──────── SOURCE MATERIAL
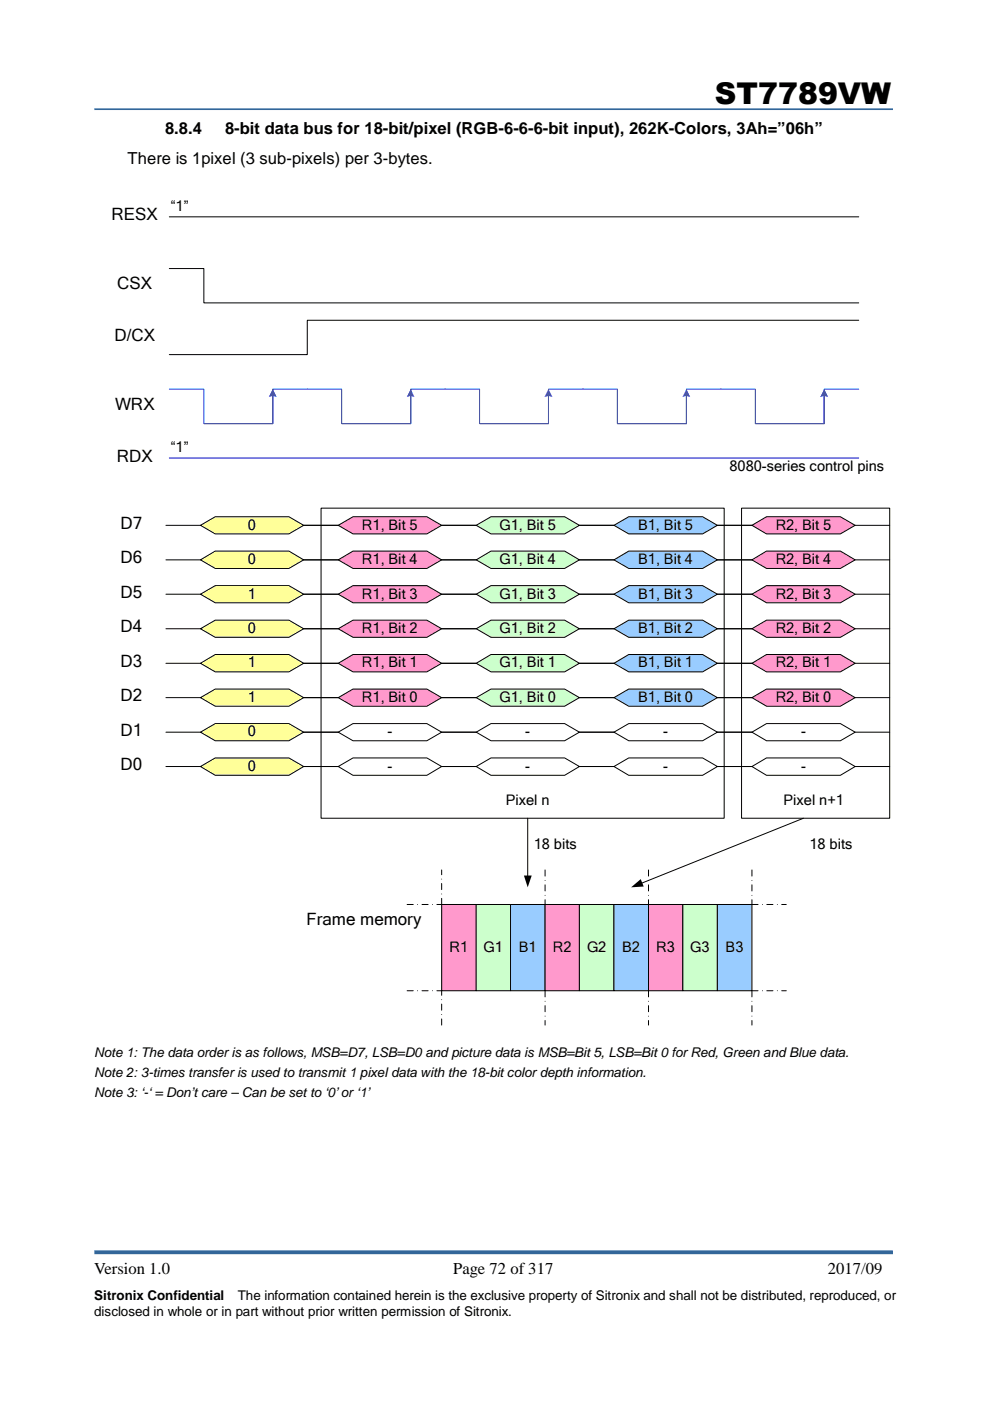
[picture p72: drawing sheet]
<svg xmlns="http://www.w3.org/2000/svg" width="210mm" height="297mm" viewBox="0 0 210 297" stroke-linecap="round" stroke-linejoin="round" font-family="sans-serif">
<defs><g id="words">
<text font-size="6.3" x="151.6" y="22">ST7789VW</text>
<g font-size="3.6">
<text x="23.7" y="46.7">RESX</text>
<text x="24.8" y="61.3">CSX</text>
<text x="24.3" y="72.3">D/CX</text>
<text x="24.4" y="86.9">WRX</text>
<text x="24.8" y="97.9">RDX</text>
<text x="25.5" y="112.1">D7</text>
<text x="25.5" y="119.4">D6</text>
<text x="25.5" y="126.7">D5</text>
<text x="25.5" y="134.1">D4</text>
<text x="25.5" y="141.4">D3</text>
<text x="25.5" y="148.7">D2</text>
<text x="25.5" y="156">D1</text>
<text x="25.5" y="163.3">D0</text>
<text x="65" y="196.2">Frame memory</text>
</g>
<g font-size="3.5">
<text x="35" y="28.4">8.8.4</text>
<text x="47.7" y="28.4">8-bit data bus for 18-bit/pixel (RGB-6-6-6-bit input), 262K-Colors, 3Ah=”06h”</text>
<text x="27.1" y="34.8">There is 1pixel (3 sub-pixels) per 3-bytes.</text>
<text x="20" y="270.1">Version 1.0</text>
<text x="96.1" y="270.1">Page 72 of 317</text>
<text x="175.5" y="270.1">2017/09</text>
</g>
<g font-size="3.1">
<text x="36.2" y="44.7">“1”</text>
<text x="36.2" y="95.8">“1”</text>
<text x="154.7" y="99.9">8080-series control pins</text>
<text x="52.6" y="112.3">0</text>
<text x="76.8" y="112.3">R1, Bit 5</text>
<text x="105.9" y="112.3">G1, Bit 5</text>
<text x="135.3" y="112.3">B1, Bit 5</text>
<text x="164.5" y="112.3">R2, Bit 5</text>
<text x="52.6" y="119.6">0</text>
<text x="76.8" y="119.6">R1, Bit 4</text>
<text x="105.9" y="119.6">G1, Bit 4</text>
<text x="135.3" y="119.6">B1, Bit 4</text>
<text x="164.5" y="119.6">R2, Bit 4</text>
<text x="52.6" y="126.9">1</text>
<text x="76.8" y="126.9">R1, Bit 3</text>
<text x="105.9" y="126.9">G1, Bit 3</text>
<text x="135.3" y="126.9">B1, Bit 3</text>
<text x="164.5" y="126.9">R2, Bit 3</text>
<text x="52.6" y="134.2">0</text>
<text x="76.8" y="134.2">R1, Bit 2</text>
<text x="105.9" y="134.2">G1, Bit 2</text>
<text x="135.3" y="134.2">B1, Bit 2</text>
<text x="164.5" y="134.2">R2, Bit 2</text>
<text x="52.6" y="141.5">1</text>
<text x="76.8" y="141.5">R1, Bit 1</text>
<text x="105.9" y="141.5">G1, Bit 1</text>
<text x="135.3" y="141.5">B1, Bit 1</text>
<text x="164.5" y="141.5">R2, Bit 1</text>
<text x="52.6" y="148.8">1</text>
<text x="76.8" y="148.8">R1, Bit 0</text>
<text x="105.9" y="148.8">G1, Bit 0</text>
<text x="135.3" y="148.8">B1, Bit 0</text>
<text x="164.5" y="148.8">R2, Bit 0</text>
<text x="52.6" y="156.1">0</text>
<text x="82.1" y="156.1">-</text>
<text x="111.4" y="156.1">-</text>
<text x="140.6" y="156.1">-</text>
<text x="169.8" y="156.1">-</text>
<text x="52.6" y="163.4">0</text>
<text x="82.1" y="163.4">-</text>
<text x="111.4" y="163.4">-</text>
<text x="140.6" y="163.4">-</text>
<text x="169.8" y="163.4">-</text>
<text x="107.2" y="170.6">Pixel n</text>
<text x="166.1" y="170.6">Pixel n+1</text>
<text x="113.2" y="180.1">18 bits</text>
<text x="171.7" y="180.1">18 bits</text>
<text x="95.3" y="201.8">R1</text>
<text x="102.5" y="201.8">G1</text>
<text x="110" y="201.8">B1</text>
<text x="117.2" y="201.8">R2</text>
<text x="124.5" y="201.8">G2</text>
<text x="131.9" y="201.8">B2</text>
<text x="139.1" y="201.8">R3</text>
<text x="146.3" y="201.8">G3</text>
<text x="153.8" y="201.8">B3</text>
</g>
<g font-size="2.8">
<text x="20" y="224.2">Note 1: The data order is as follows, MSB=D7, LSB=D0 and picture data is MSB=Bit 5, LSB=Bit 0 for Red, Green and Blue data.</text>
<text x="20" y="228.4">Note 2: 3-times transfer is used to transmit 1 pixel data with the 18-bit color depth information.</text>
<text x="20" y="232.7">Note 3: ‘-‘ = Don’t care – Can be set to ‘0’ or ‘1’</text>
<text x="20" y="275.7">Sitronix Confidential</text>
<text x="50.4" y="275.7">The information contained herein is the exclusive property of Sitronix and shall not be distributed, reproduced, or</text>
<text x="20" y="278.9">disclosed in whole or in part without prior written permission of Sitronix.</text>
</g>
</g></defs>
<path d="M20 265.5h169.3" fill="none" stroke="#369" stroke-width=".79" stroke-linecap="butt"/>
<path d="M20 23.2h169.3" fill="none" stroke="#369" stroke-width=".35"/>
<path d="M157.2 107.7h31.4v65.8h-31.4z" fill-rule="evenodd" fill="#fff"/>
<path d="M157.2 107.7h31.4v65.8h-31.4z" fill="none" stroke="#000" stroke-width=".21"/>
<path d="M68.1 107.7h85.4v65.8h-85.4z" fill-rule="evenodd" fill="#fff"/>
<path d="M68.1 107.7h85.4v65.8h-85.4z" fill="none" stroke="#000" stroke-width=".21"/>
<path d="M71.7 118.7l3.1-1.9h15.7l3.1 1.9-3.1 1.8h-15.7z" fill-rule="evenodd" fill="#f9c"/>
<path d="M64.4 118.7h7.3M71.7 118.7l3.1-1.9h15.7l3.1 1.9-3.1 1.8h-15.7zM93.6 118.7h7.4" fill="none" stroke="#000" stroke-width=".21"/>
<path d="M42.5 111.4l3.1-1.8h15.7l3.1 1.8-3.1 1.8h-15.7z" fill-rule="evenodd" fill="#ff9"/>
<path d="M35.2 111.4h7.3M42.5 111.4l3.1-1.8h15.7l3.1 1.8-3.1 1.8h-15.7zM64.4 111.4h7.3" fill="none" stroke="#000" stroke-width=".21"/>
<path d="M35.9 82.5h7.3v7.3h14.6v-7.3h7.4M35.9 97.1h146.2M57.8 83.8v6" fill="none" stroke="#00f" stroke-width=".21"/>
<path d="M57.8 82.5l.9 1.7-1-.2-.7 .2z" fill-rule="evenodd" fill="#00f"/>
<path d="M152.8 82.5h7.3v7.3h14.7v-7.3h7.3M174.8 83.8v6" fill="none" stroke="#00f" stroke-width=".21"/>
<path d="M174.8 82.5l.8 1.7-1-.2-.7 .2z" fill-rule="evenodd" fill="#00f"/>
<path d="M123.6 82.5h7.3v7.3h14.6v-7.3h7.3M145.5 83.8v6" fill="none" stroke="#00f" stroke-width=".21"/>
<path d="M145.5 82.5l.8 1.7-1-.2-.6 .2z" fill-rule="evenodd" fill="#00f"/>
<path d="M94.4 82.5h7.3v7.3h14.6v-7.3h7.3M116.3 83.8v6" fill="none" stroke="#00f" stroke-width=".21"/>
<path d="M116.3 82.5l.8 1.7-1-.2-.7 .2z" fill-rule="evenodd" fill="#00f"/>
<path d="M65.2 82.5h7.2v7.3h14.7v-7.3h7.3M87.1 83.8v6" fill="none" stroke="#00f" stroke-width=".21"/>
<path d="M87.1 82.5l.8 1.7-1-.2-.7 .2z" fill-rule="evenodd" fill="#00f"/>
<path d="M35.9 56.9h7.3v7.3h138.9M35.9 46h146.2M182.1 67.9h-116.9v7.3h-29.3" fill="none" stroke="#000" stroke-width=".21"/>
<path d="M71.7 126l3.1-1.8h15.7l3.1 1.8-3.1 1.8h-15.7z" fill-rule="evenodd" fill="#f9c"/>
<path d="M64.4 126h7.3M71.7 126l3.1-1.8h15.7l3.1 1.8-3.1 1.8h-15.7zM93.6 126h7.4" fill="none" stroke="#000" stroke-width=".21"/>
<path d="M42.5 118.7l3.1-1.9h15.7l3.1 1.9-3.1 1.8h-15.7z" fill-rule="evenodd" fill="#ff9"/>
<path d="M35.2 118.7h7.3M42.5 118.7l3.1-1.9h15.7l3.1 1.9-3.1 1.8h-15.7zM64.4 118.7h7.3" fill="none" stroke="#000" stroke-width=".21"/>
<path d="M71.7 133.3l3.1-1.8h15.7l3.1 1.8-3.1 1.8h-15.7z" fill-rule="evenodd" fill="#f9c"/>
<path d="M64.4 133.3h7.3M71.7 133.3l3.1-1.8h15.7l3.1 1.8-3.1 1.8h-15.7zM93.6 133.3h7.4" fill="none" stroke="#000" stroke-width=".21"/>
<path d="M42.5 126l3.1-1.8h15.7l3.1 1.8-3.1 1.8h-15.7z" fill-rule="evenodd" fill="#ff9"/>
<path d="M35.2 126h7.3M42.5 126l3.1-1.8h15.7l3.1 1.8-3.1 1.8h-15.7zM64.4 126h7.3" fill="none" stroke="#000" stroke-width=".21"/>
<path d="M71.7 140.6l3.1-1.8h15.7l3.1 1.8-3.1 1.9h-15.7z" fill-rule="evenodd" fill="#f9c"/>
<path d="M64.4 140.6h7.3M71.7 140.6l3.1-1.8h15.7l3.1 1.8-3.1 1.9h-15.7zM93.6 140.6h7.4" fill="none" stroke="#000" stroke-width=".21"/>
<path d="M42.5 133.3l3.1-1.8h15.7l3.1 1.8-3.1 1.8h-15.7z" fill-rule="evenodd" fill="#ff9"/>
<path d="M35.2 133.3h7.3M42.5 133.3l3.1-1.8h15.7l3.1 1.8-3.1 1.8h-15.7zM64.4 133.3h7.3" fill="none" stroke="#000" stroke-width=".21"/>
<path d="M71.7 147.9l3.1-1.8h15.7l3.1 1.8-3.1 1.8h-15.7z" fill-rule="evenodd" fill="#f9c"/>
<path d="M64.4 147.9h7.3M71.7 147.9l3.1-1.8h15.7l3.1 1.8-3.1 1.8h-15.7zM93.6 147.9h7.4" fill="none" stroke="#000" stroke-width=".21"/>
<path d="M42.5 140.6l3.1-1.8h15.7l3.1 1.8-3.1 1.9h-15.7z" fill-rule="evenodd" fill="#ff9"/>
<path d="M35.2 140.6h7.3M42.5 140.6l3.1-1.8h15.7l3.1 1.8-3.1 1.9h-15.7zM64.4 140.6h7.3" fill="none" stroke="#000" stroke-width=".21"/>
<path d="M71.7 111.4l3.1-1.8h15.7l3.1 1.8-3.1 1.8h-15.7z" fill-rule="evenodd" fill="#f9c"/>
<path d="M64.4 111.4h7.3M71.7 111.4l3.1-1.8h15.7l3.1 1.8-3.1 1.8h-15.7zM93.6 111.4h7.4" fill="none" stroke="#000" stroke-width=".21"/>
<path d="M42.5 147.9l3.1-1.8h15.7l3.1 1.8-3.1 1.8h-15.7z" fill-rule="evenodd" fill="#ff9"/>
<path d="M35.2 147.9h7.3M42.5 147.9l3.1-1.8h15.7l3.1 1.8-3.1 1.8h-15.7zM64.4 147.9h7.3" fill="none" stroke="#000" stroke-width=".21"/>
<path d="M71.7 155.2l3.1-1.8h15.7l3.1 1.8-3.1 1.9h-15.7z" fill-rule="evenodd" fill="#fff"/>
<path d="M64.4 155.2h7.3M71.7 155.2l3.1-1.8h15.7l3.1 1.8-3.1 1.9h-15.7zM93.6 155.2h7.4" fill="none" stroke="#000" stroke-width=".21"/>
<path d="M101 155.2l3.1-1.8h15.6l3.2 1.8-3.2 1.9h-15.6z" fill-rule="evenodd" fill="#fff"/>
<path d="M93.6 155.2h7.4M101 155.2l3.1-1.8h15.6l3.2 1.8-3.2 1.9h-15.6zM122.9 155.2h7.3" fill="none" stroke="#000" stroke-width=".21"/>
<path d="M42.5 155.2l3.1-1.8h15.7l3.1 1.8-3.1 1.9h-15.7z" fill-rule="evenodd" fill="#ff9"/>
<path d="M35.2 155.2h7.3M42.5 155.2l3.1-1.8h15.7l3.1 1.8-3.1 1.9h-15.7zM64.4 155.2h7.3" fill="none" stroke="#000" stroke-width=".21"/>
<path d="M71.7 162.5l3.1-1.8h15.7l3.1 1.8-3.1 1.9h-15.7z" fill-rule="evenodd" fill="#fff"/>
<path d="M64.4 162.5h7.3M71.7 162.5l3.1-1.8h15.7l3.1 1.8-3.1 1.9h-15.7zM93.6 162.5h7.4" fill="none" stroke="#000" stroke-width=".21"/>
<path d="M101 162.5l3.1-1.8h15.6l3.2 1.8-3.2 1.9h-15.6z" fill-rule="evenodd" fill="#fff"/>
<path d="M93.6 162.5h7.4M101 162.5l3.1-1.8h15.6l3.2 1.8-3.2 1.9h-15.6zM122.9 162.5h7.3" fill="none" stroke="#000" stroke-width=".21"/>
<path d="M42.5 162.5l3.1-1.8h15.7l3.1 1.8-3.1 1.9h-15.7z" fill-rule="evenodd" fill="#ff9"/>
<path d="M35.2 162.5h7.3M42.5 162.5l3.1-1.8h15.7l3.1 1.8-3.1 1.9h-15.7zM64.4 162.5h7.3M111.9 173.5v12.3M170.3 173.5l-34.3 13.8" fill="none" stroke="#000" stroke-width=".21"/>
<path d="M111.1 185.6h1.6l-.8 2.5zM133.8 188.1l2-1.7 .7 1.6z" fill="#000"/>
<path d="M93.6 191.8h7.4v18.3h-7.4z" fill-rule="evenodd" fill="#f9c"/>
<path d="M93.6 191.8h7.4v18.3h-7.4z" fill="none" stroke="#000" stroke-width=".21"/>
<path d="M101 191.8h7.2v18.3h-7.2z" fill-rule="evenodd" fill="#cfc"/>
<path d="M101 191.8h7.2v18.3h-7.2z" fill="none" stroke="#000" stroke-width=".21"/>
<path d="M108.2 191.8h7.4v18.3h-7.4z" fill-rule="evenodd" fill="#9cf"/>
<path d="M108.2 191.8h7.4v18.3h-7.4z" fill="none" stroke="#000" stroke-width=".21"/>
<path d="M86.3 191.8h7.3M93.6 191.8v-7.4M115.6 184.4v7.4M137.5 184.4v7.4M159.4 184.4v7.4M159.4 191.8h7.3M86.3 210.1h7.3M93.6 217.3v-7.2M115.6 210.1v7.2M137.5 210.1v7.2M159.4 210.1h7.3M159.4 210.1v7.2" fill="none" stroke="#000" stroke-width=".21" stroke-dasharray="1.3 .9 0 .9"/>
<path d="M115.6 191.8h7.3v18.3h-7.3z" fill-rule="evenodd" fill="#f9c"/>
<path d="M115.6 191.8h7.3v18.3h-7.3z" fill="none" stroke="#000" stroke-width=".21"/>
<path d="M122.9 191.8h7.3v18.3h-7.3z" fill-rule="evenodd" fill="#cfc"/>
<path d="M122.9 191.8h7.3v18.3h-7.3z" fill="none" stroke="#000" stroke-width=".21"/>
<path d="M130.2 191.8h7.3v18.3h-7.3z" fill-rule="evenodd" fill="#9cf"/>
<path d="M130.2 191.8h7.3v18.3h-7.3z" fill="none" stroke="#000" stroke-width=".21"/>
<path d="M137.5 191.8h7.3v18.3h-7.3z" fill-rule="evenodd" fill="#f9c"/>
<path d="M137.5 191.8h7.3v18.3h-7.3z" fill="none" stroke="#000" stroke-width=".21"/>
<path d="M144.8 191.8h7.3v18.3h-7.3z" fill-rule="evenodd" fill="#cfc"/>
<path d="M144.8 191.8h7.3v18.3h-7.3z" fill="none" stroke="#000" stroke-width=".21"/>
<path d="M152.1 191.8h7.3v18.3h-7.3z" fill-rule="evenodd" fill="#9cf"/>
<path d="M152.1 191.8h7.3v18.3h-7.3z" fill="none" stroke="#000" stroke-width=".21"/>
<path d="M130.2 155.2l3.1-1.8h15.7l3.1 1.8-3.1 1.9h-15.7z" fill-rule="evenodd" fill="#fff"/>
<path d="M122.9 155.2h7.3M130.2 155.2l3.1-1.8h15.7l3.1 1.8-3.1 1.9h-15.7zM152.1 155.2h7.3" fill="none" stroke="#000" stroke-width=".21"/>
<path d="M159.4 155.2l3.1-1.8h15.7l3.1 1.8-3.1 1.9h-15.7z" fill-rule="evenodd" fill="#fff"/>
<path d="M152.1 155.2h7.3M159.4 155.2l3.1-1.8h15.7l3.1 1.8-3.1 1.9h-15.7zM181.3 155.2h7.3" fill="none" stroke="#000" stroke-width=".21"/>
<path d="M130.2 162.5l3.1-1.8h15.7l3.1 1.8-3.1 1.9h-15.7z" fill-rule="evenodd" fill="#fff"/>
<path d="M122.9 162.5h7.3M130.2 162.5l3.1-1.8h15.7l3.1 1.8-3.1 1.9h-15.7zM152.1 162.5h7.3" fill="none" stroke="#000" stroke-width=".21"/>
<path d="M159.4 162.5l3.1-1.8h15.7l3.1 1.8-3.1 1.9h-15.7z" fill-rule="evenodd" fill="#fff"/>
<path d="M152.1 162.5h7.3M159.4 162.5l3.1-1.8h15.7l3.1 1.8-3.1 1.9h-15.7zM181.3 162.5h7.3" fill="none" stroke="#000" stroke-width=".21"/>
<path d="M101 118.7l3.1-1.9h15.6l3.2 1.9-3.2 1.8h-15.6z" fill-rule="evenodd" fill="#cfc"/>
<path d="M93.6 118.7h7.4M101 118.7l3.1-1.9h15.6l3.2 1.9-3.2 1.8h-15.6zM122.9 118.7h7.3" fill="none" stroke="#000" stroke-width=".21"/>
<path d="M101 126l3.1-1.8h15.6l3.2 1.8-3.2 1.8h-15.6z" fill-rule="evenodd" fill="#cfc"/>
<path d="M93.6 126h7.4M101 126l3.1-1.8h15.6l3.2 1.8-3.2 1.8h-15.6zM122.9 126h7.3" fill="none" stroke="#000" stroke-width=".21"/>
<path d="M101 133.3l3.1-1.8h15.6l3.2 1.8-3.2 1.8h-15.6z" fill-rule="evenodd" fill="#cfc"/>
<path d="M93.6 133.3h7.4M101 133.3l3.1-1.8h15.6l3.2 1.8-3.2 1.8h-15.6zM122.9 133.3h7.3" fill="none" stroke="#000" stroke-width=".21"/>
<path d="M101 140.6l3.1-1.8h15.6l3.2 1.8-3.2 1.9h-15.6z" fill-rule="evenodd" fill="#cfc"/>
<path d="M93.6 140.6h7.4M101 140.6l3.1-1.8h15.6l3.2 1.8-3.2 1.9h-15.6zM122.9 140.6h7.3" fill="none" stroke="#000" stroke-width=".21"/>
<path d="M101 147.9l3.1-1.8h15.6l3.2 1.8-3.2 1.8h-15.6z" fill-rule="evenodd" fill="#cfc"/>
<path d="M93.6 147.9h7.4M101 147.9l3.1-1.8h15.6l3.2 1.8-3.2 1.8h-15.6zM122.9 147.9h7.3" fill="none" stroke="#000" stroke-width=".21"/>
<path d="M101 111.4l3.1-1.8h15.6l3.2 1.8-3.2 1.8h-15.6z" fill-rule="evenodd" fill="#cfc"/>
<path d="M93.6 111.4h7.4M101 111.4l3.1-1.8h15.6l3.2 1.8-3.2 1.8h-15.6zM122.9 111.4h7.3" fill="none" stroke="#000" stroke-width=".21"/>
<path d="M130.2 118.7l3.1-1.9h15.7l3.1 1.9-3.1 1.8h-15.7z" fill-rule="evenodd" fill="#9cf"/>
<path d="M122.9 118.7h7.3M130.2 118.7l3.1-1.9h15.7l3.1 1.9-3.1 1.8h-15.7zM152.1 118.7h7.3" fill="none" stroke="#000" stroke-width=".21"/>
<path d="M130.2 126l3.1-1.8h15.7l3.1 1.8-3.1 1.8h-15.7z" fill-rule="evenodd" fill="#9cf"/>
<path d="M122.9 126h7.3M130.2 126l3.1-1.8h15.7l3.1 1.8-3.1 1.8h-15.7zM152.1 126h7.3" fill="none" stroke="#000" stroke-width=".21"/>
<path d="M130.2 133.3l3.1-1.8h15.7l3.1 1.8-3.1 1.8h-15.7z" fill-rule="evenodd" fill="#9cf"/>
<path d="M122.9 133.3h7.3M130.2 133.3l3.1-1.8h15.7l3.1 1.8-3.1 1.8h-15.7zM152.1 133.3h7.3" fill="none" stroke="#000" stroke-width=".21"/>
<path d="M130.2 140.6l3.1-1.8h15.7l3.1 1.8-3.1 1.9h-15.7z" fill-rule="evenodd" fill="#9cf"/>
<path d="M122.9 140.6h7.3M130.2 140.6l3.1-1.8h15.7l3.1 1.8-3.1 1.9h-15.7zM152.1 140.6h7.3" fill="none" stroke="#000" stroke-width=".21"/>
<path d="M130.2 147.9l3.1-1.8h15.7l3.1 1.8-3.1 1.8h-15.7z" fill-rule="evenodd" fill="#9cf"/>
<path d="M122.9 147.9h7.3M130.2 147.9l3.1-1.8h15.7l3.1 1.8-3.1 1.8h-15.7zM152.1 147.9h7.3" fill="none" stroke="#000" stroke-width=".21"/>
<path d="M130.2 111.4l3.1-1.8h15.7l3.1 1.8-3.1 1.8h-15.7z" fill-rule="evenodd" fill="#9cf"/>
<path d="M122.9 111.4h7.3M130.2 111.4l3.1-1.8h15.7l3.1 1.8-3.1 1.8h-15.7zM152.1 111.4h7.3" fill="none" stroke="#000" stroke-width=".21"/>
<path d="M159.4 118.7l3.1-1.9h15.7l3.1 1.9-3.1 1.8h-15.7z" fill-rule="evenodd" fill="#f9c"/>
<path d="M152.1 118.7h7.3M159.4 118.7l3.1-1.9h15.7l3.1 1.9-3.1 1.8h-15.7zM181.3 118.7h7.3" fill="none" stroke="#000" stroke-width=".21"/>
<path d="M159.4 126l3.1-1.8h15.7l3.1 1.8-3.1 1.8h-15.7z" fill-rule="evenodd" fill="#f9c"/>
<path d="M152.1 126h7.3M159.4 126l3.1-1.8h15.7l3.1 1.8-3.1 1.8h-15.7zM181.3 126h7.3" fill="none" stroke="#000" stroke-width=".21"/>
<path d="M159.4 133.3l3.1-1.8h15.7l3.1 1.8-3.1 1.8h-15.7z" fill-rule="evenodd" fill="#f9c"/>
<path d="M152.1 133.3h7.3M159.4 133.3l3.1-1.8h15.7l3.1 1.8-3.1 1.8h-15.7zM181.3 133.3h7.3" fill="none" stroke="#000" stroke-width=".21"/>
<path d="M159.4 140.6l3.1-1.8h15.7l3.1 1.8-3.1 1.9h-15.7z" fill-rule="evenodd" fill="#f9c"/>
<path d="M152.1 140.6h7.3M159.4 140.6l3.1-1.8h15.7l3.1 1.8-3.1 1.9h-15.7zM181.3 140.6h7.3" fill="none" stroke="#000" stroke-width=".21"/>
<path d="M159.4 147.9l3.1-1.8h15.7l3.1 1.8-3.1 1.8h-15.7z" fill-rule="evenodd" fill="#f9c"/>
<path d="M152.1 147.9h7.3M159.4 147.9l3.1-1.8h15.7l3.1 1.8-3.1 1.8h-15.7zM181.3 147.9h7.3" fill="none" stroke="#000" stroke-width=".21"/>
<path d="M159.4 111.4l3.1-1.8h15.7l3.1 1.8-3.1 1.8h-15.7z" fill-rule="evenodd" fill="#f9c"/>
<path d="M152.1 111.4h7.3M159.4 111.4l3.1-1.8h15.7l3.1 1.8-3.1 1.8h-15.7zM181.3 111.4h7.3" fill="none" stroke="#000" stroke-width=".21"/>
<use href="#words"/>
</svg>
────────────────
WORK REQUIRED
All lines in the entries above that hold the word "picture" need to be copied.

EXERCISE RESPONSE
[picture p72: drawing sheet]
<text x="20" y="224.2">Note 1: The data order is as follows, MSB=D7, LSB=D0 and picture data is MSB=Bit 5, LSB=Bit 0 for Red, Green and Blue data.</text>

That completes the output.